Search code examples
pythonregexparsingnegative-lookbehind

Regex matching with negative look-behind assertion


I am parsing C source files. I want to match all the variables (in snake-case format) that end in _VALUE and don't begin with CANA_, CANB_... ,CANF_. I need to match the whole variable name for later substitution.

This is my current setup with python

import re

def signal_ending_VALUE_updater(match: re.Match) -> str:
    groups = match.groupdict()
    return some_operation_on(group["SIGNAL_NAME"])

REGEX=r"(?<!CAN[A-F]_)\b(?P<SIGNAL_NAME>\w+_VALUE)\b"

with open(file_path,'r') as f:
   content = f.read()
   content_new = re.sub(REGEX,signal_ending_VALUE_updater,content)

Unfortunately this regex doesn't work all the times, for example if we try this testacase

test="        shared->option.mem = ((canAGetScuHmiVehReqLiftModBtnSt() == CANA_SCU_HMI_VEH_REQ_LIFT_MOD_BTN_ST_PRESSED_VALUE) ||"
re.find(REGEX,test)

Will return the variable (CANA_SCU_HMI...) that I don't want to match.
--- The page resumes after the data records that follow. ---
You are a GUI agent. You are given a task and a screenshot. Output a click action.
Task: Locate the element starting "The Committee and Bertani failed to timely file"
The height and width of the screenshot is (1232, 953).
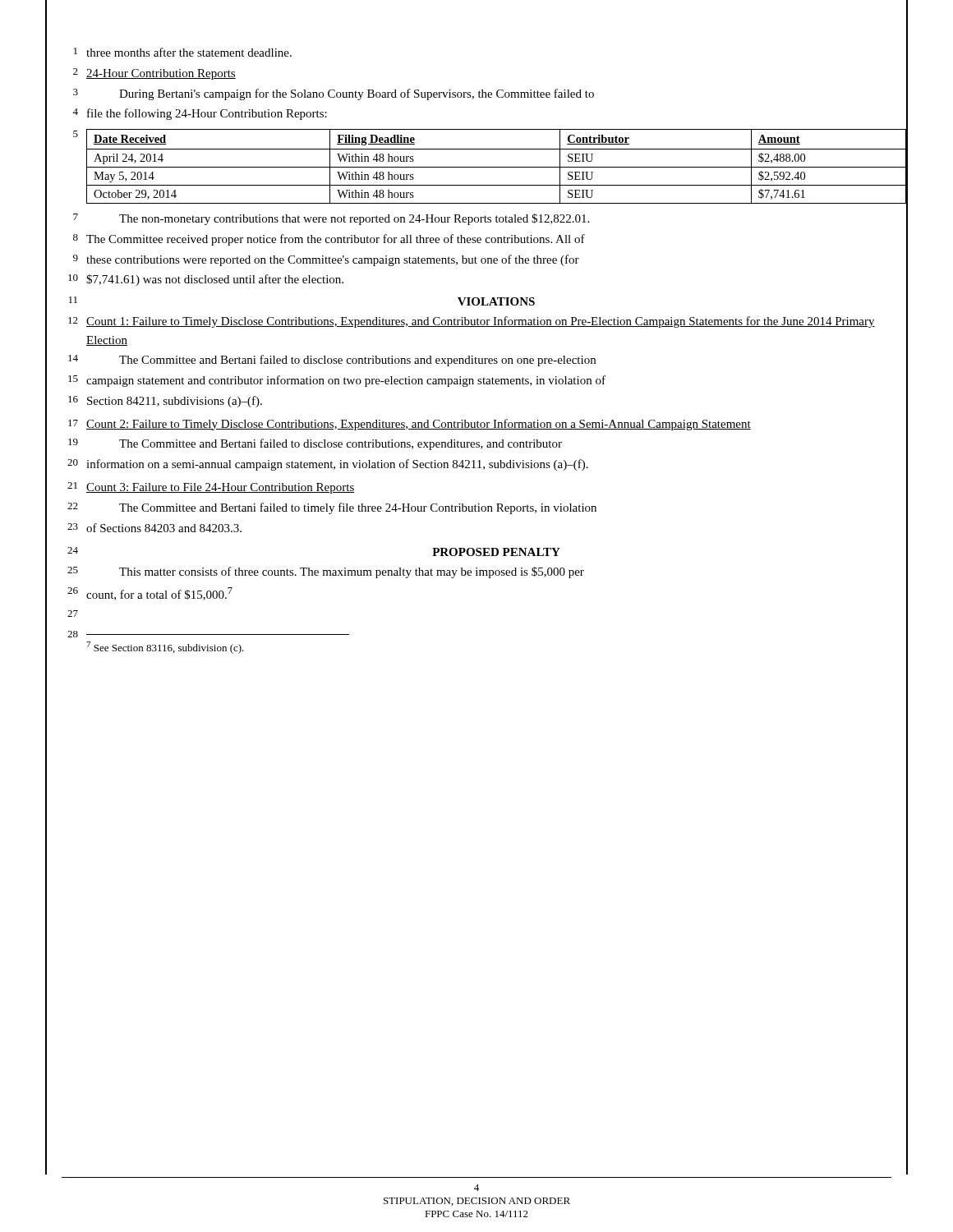point(358,508)
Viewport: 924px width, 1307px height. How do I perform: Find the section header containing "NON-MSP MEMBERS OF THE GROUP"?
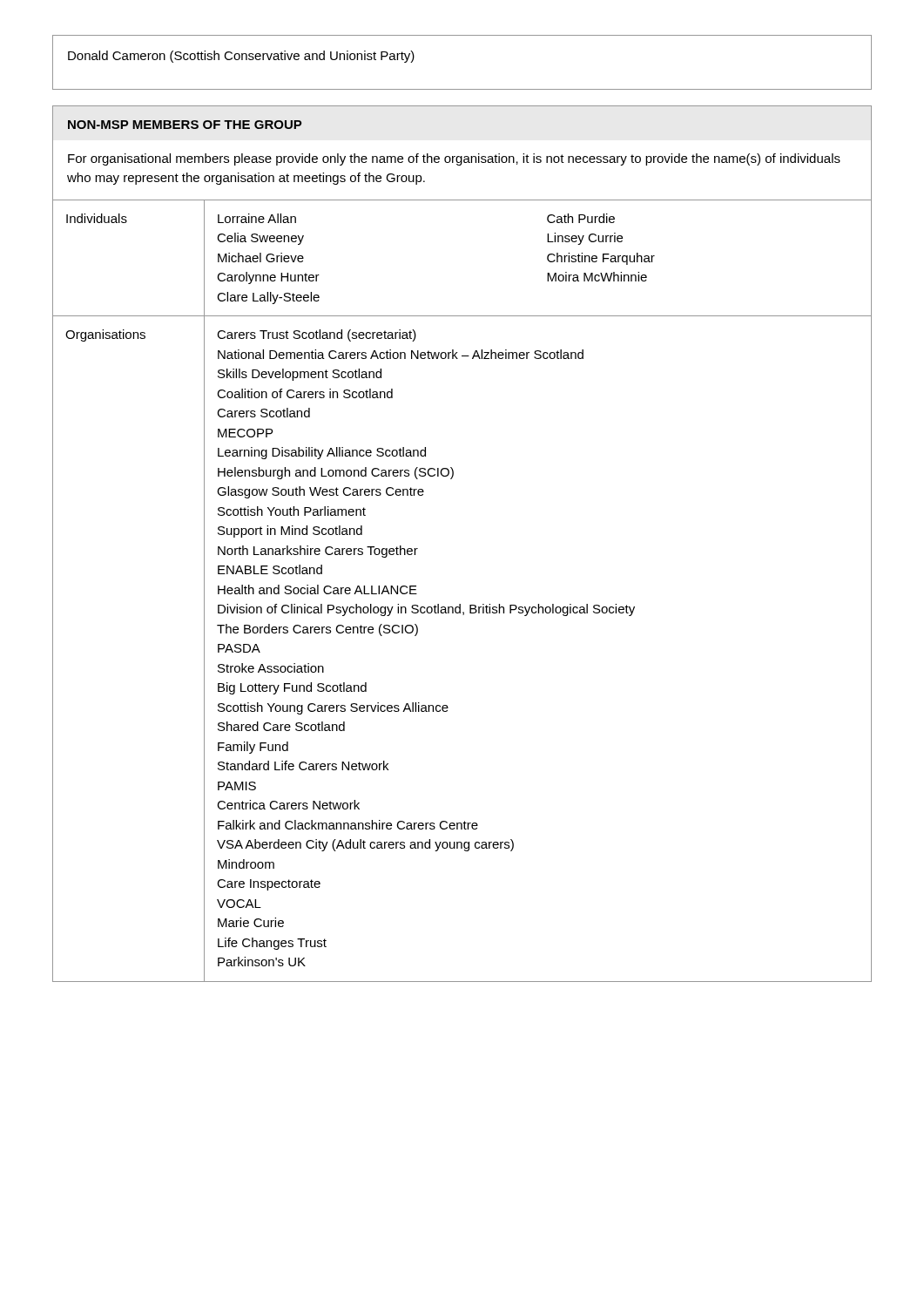pyautogui.click(x=185, y=124)
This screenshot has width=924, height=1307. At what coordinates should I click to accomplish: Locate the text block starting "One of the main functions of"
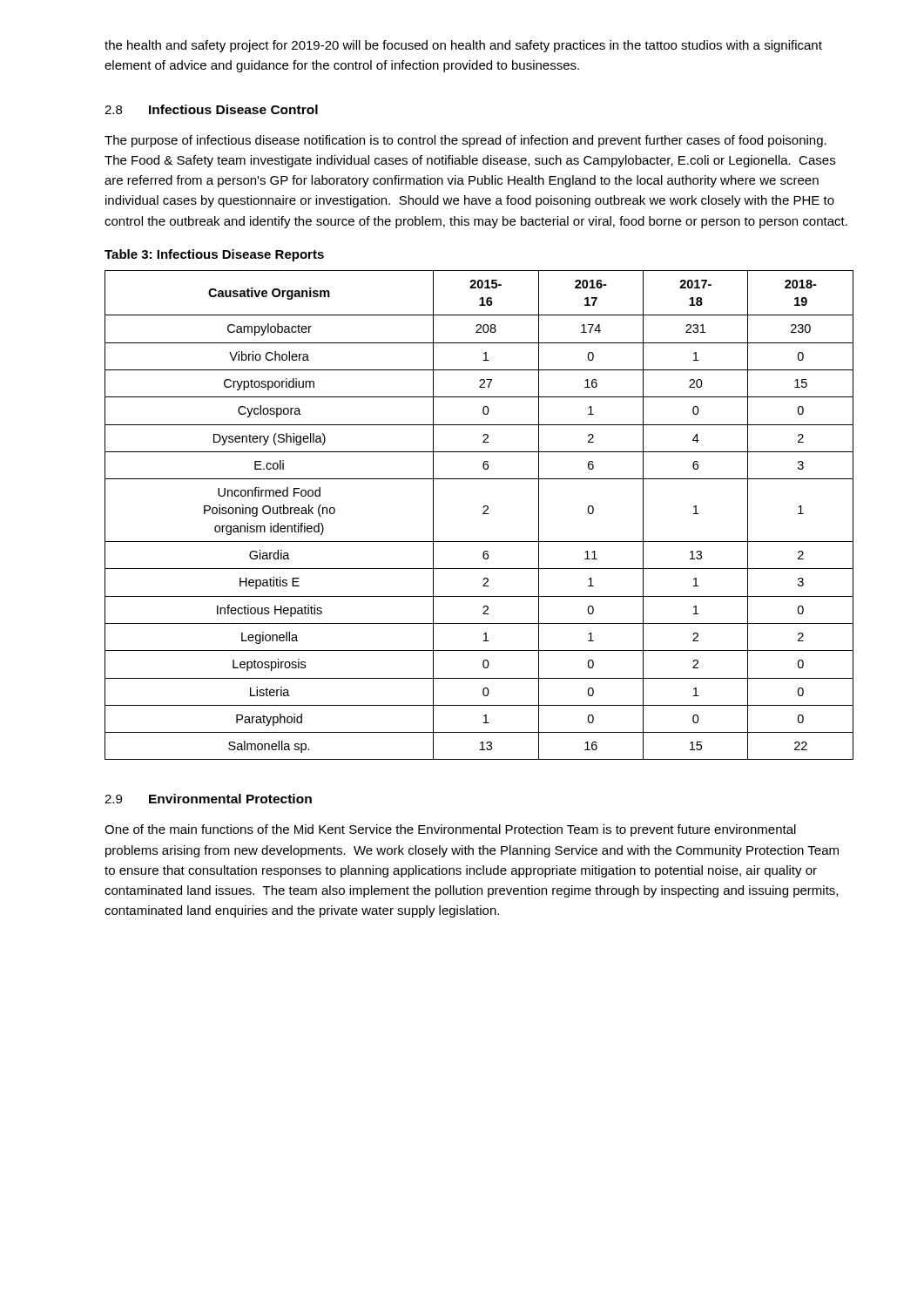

What am I not considering in the regex?

The idea behind the regex is:

  • (?<!CAN[A-F]_): with a negative-lookbehind ensure the match does not start with CAN followed by one of the letters A, B, C, D, E, or F, and an underscore (_).
  • \b: word boundary, ensuring that we are matching whole words and not one part of a word
  • (?P<SIGNAL_NAME>\w+_VALUE):
    • (?P<SIGNAL_NAME>...): group match with the name SIGNAL_NAME
    • \w same as [a-zA-Z0-9_] will match snakecase variable names
    • + ensures one or more of before
    • _VALUE matches the literal string _VALUE at the end of the variable name.
  • \b This again is a word boundary that ensures the match ends right after the variable name.

Solution

  • This part of your regex (?<!CAN[A-F]_)\b asserts that this pattern CAN[A-F]_ does not occur directly to the left of the current position followed by a word boundary.

    You get a match for this text CANA_SCU_HMI_VEH_REQ_LIFT_MOD_BTN_ST_PRESSED_VALUE because at the beginning of that text, that assertion is true.

    What you can do instead is start with a word boundary, and then assert that what is directly to the right does not match the pattern CAN[A-F]_

    \b(?!CAN[A-F]_)(?P<SIGNAL_NAME>\w+_VALUE)\b
    

    See a regex 101 demo